1. Predation is a pervasive force that structures food webs and directly influences ecosystem functioning. The relative body sizes of predators and prey may be an important determinant of interaction strengths. However, studies quantifying the combined influence of intra‐ and interspecific variation in predator–prey body size ratios are lacking.
2. We use a comparative functional response approach to examine interaction strengths between three size classes of invasive bluegill and largemouth bass toward three scaled size classes of their tilapia prey. We then quantify the influence of intra‐ and interspecific predator–prey body mass ratios on the scaling of attack rates and handling times.

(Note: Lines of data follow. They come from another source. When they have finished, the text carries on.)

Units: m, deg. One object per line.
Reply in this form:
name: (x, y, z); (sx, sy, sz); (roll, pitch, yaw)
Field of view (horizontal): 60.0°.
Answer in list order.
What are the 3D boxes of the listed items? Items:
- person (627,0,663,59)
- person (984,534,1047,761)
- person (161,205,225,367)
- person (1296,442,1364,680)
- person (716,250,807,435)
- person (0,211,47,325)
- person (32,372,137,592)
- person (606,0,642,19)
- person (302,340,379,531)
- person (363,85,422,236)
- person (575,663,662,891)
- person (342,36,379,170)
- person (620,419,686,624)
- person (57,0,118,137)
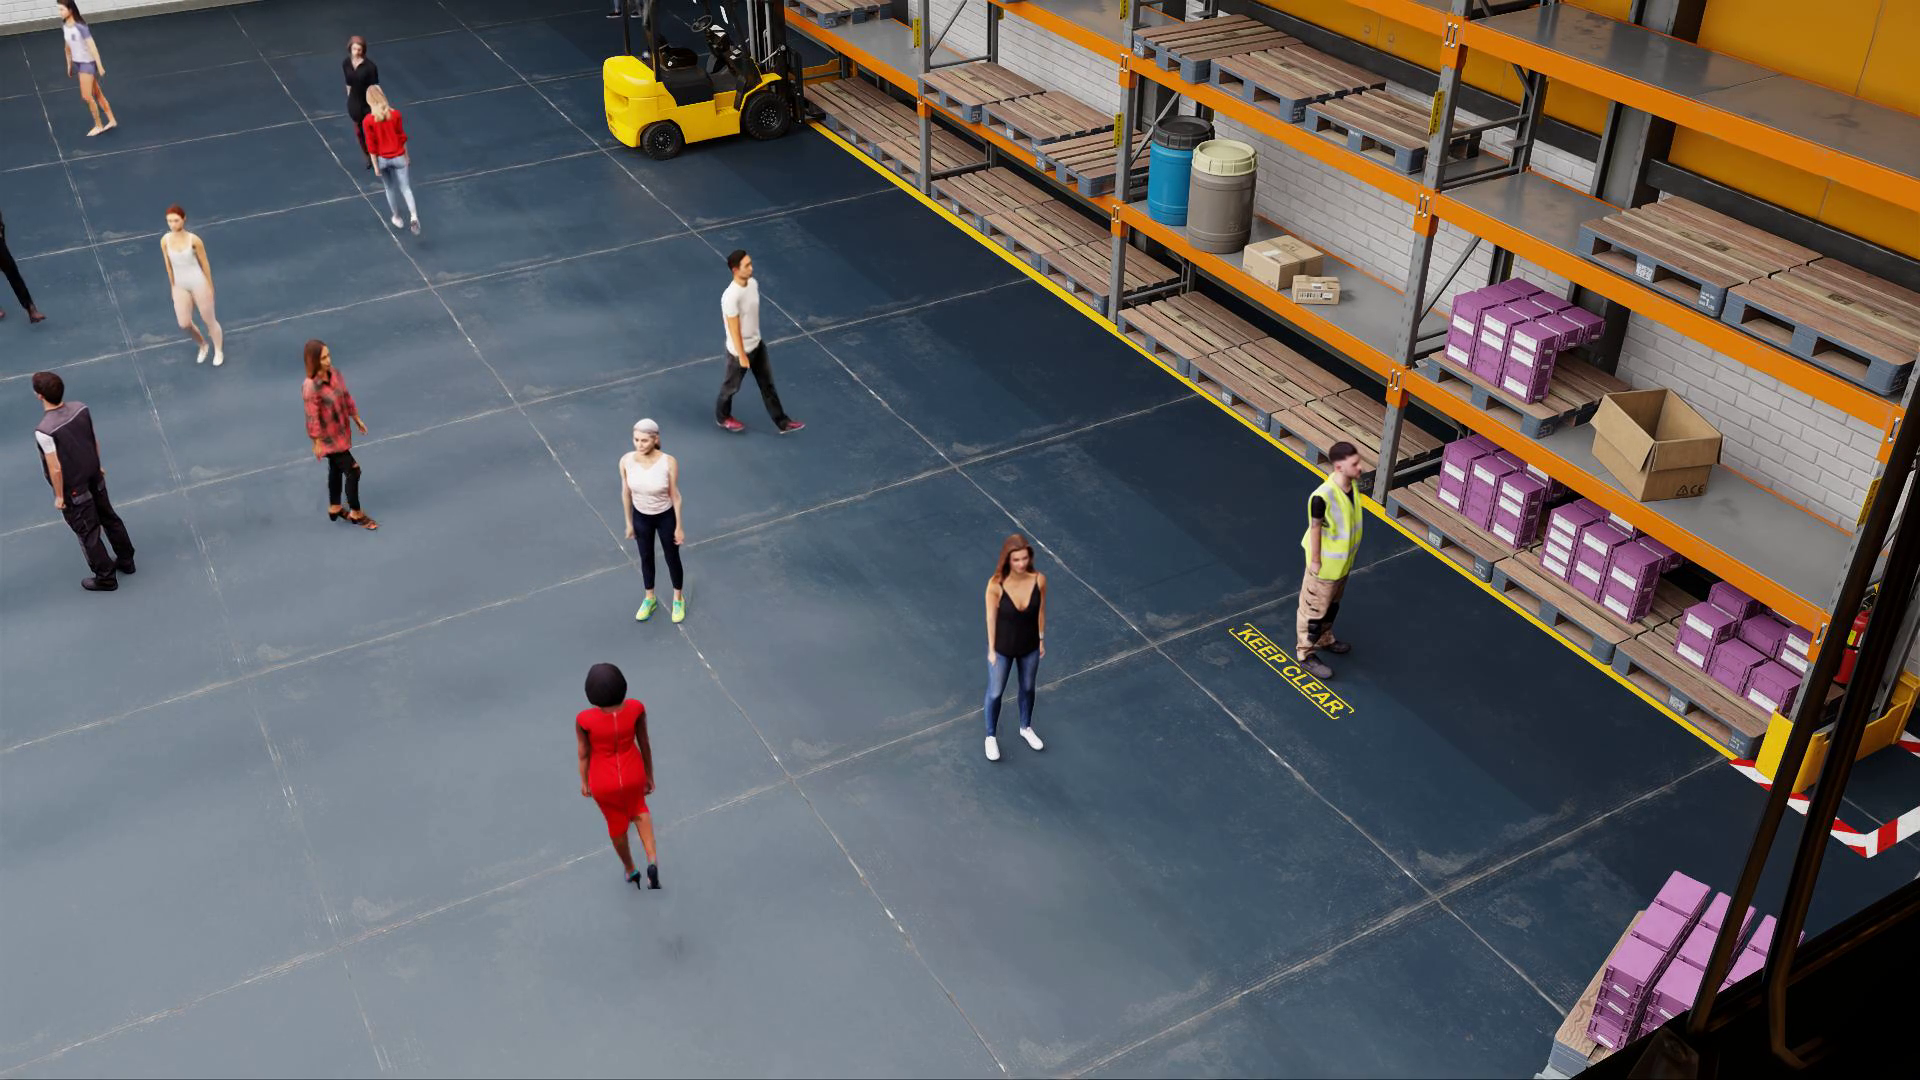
person: (-4.490, -7.854, 23.906); (0.997, 1.766, 1.047); (6, 34, 9)
person: (0.361, 0.691, 11.090); (0.631, 1.723, 0.583); (-11, 35, -16)
person: (-7.309, -2.447, 15.896); (0.661, 1.629, 0.683); (-3, 34, -5)
person: (2.648, 0.104, 11.860); (0.861, 1.848, 0.823); (21, 39, 28)
person: (-1.987, -1.713, 14.671); (1.213, 1.762, 1.070); (14, 36, 20)
person: (-9.801, -2.994, 16.580); (1.267, 1.783, 1.016); (22, 40, 30)
person: (-6.720, -0.458, 12.706); (0.792, 1.849, 0.735); (9, 35, 13)
person: (-5.109, -8.810, 25.449); (0.715, 1.652, 0.816); (-17, 37, -24)
person: (-5.153, -0.853, 13.448); (0.851, 1.685, 0.794); (4, 34, 5)
person: (-6.281, -4.183, 18.455); (0.635, 1.687, 1.014); (-20, 39, -28)
person: (-2.008, 1.482, 9.894); (0.578, 1.729, 0.713); (-16, 37, -22)
person: (-7.201, -5.288, 20.131); (0.754, 1.673, 0.798); (9, 35, 14)
person: (-2.265, -0.160, 12.389); (0.686, 1.702, 0.725); (5, 34, 7)
person: (-11.122, -6.086, 21.292); (0.796, 1.717, 0.836); (18, 38, 25)

3. Type II functional responses were displayed by both predators across all predator and prey size classes. Largemouth bass consumed more than bluegill at small and intermediate predator size classes, while large predators of both species were more similar. Small prey were most vulnerable overall; however, differential attack rates among prey were emergent across predator sizes. For both bluegill and largemouth bass, small predators exhibited higher attack rates toward small and intermediate prey sizes, while larger predators exhibited greater attack rates toward large prey. Conversely, handling times increased with prey size, with small bluegill exhibiting particularly low feeding rates toward medium–large prey types. Attack rates for both predators peaked unimodally at intermediate predator–prey body mass ratios, while handling times generally shortened across increasing body mass ratios.
4. We thus demonstrate effects of body size ratios on predator–prey interaction strengths between key fish species, with attack rates and handling times dependent on the relative sizes of predator–prey participants.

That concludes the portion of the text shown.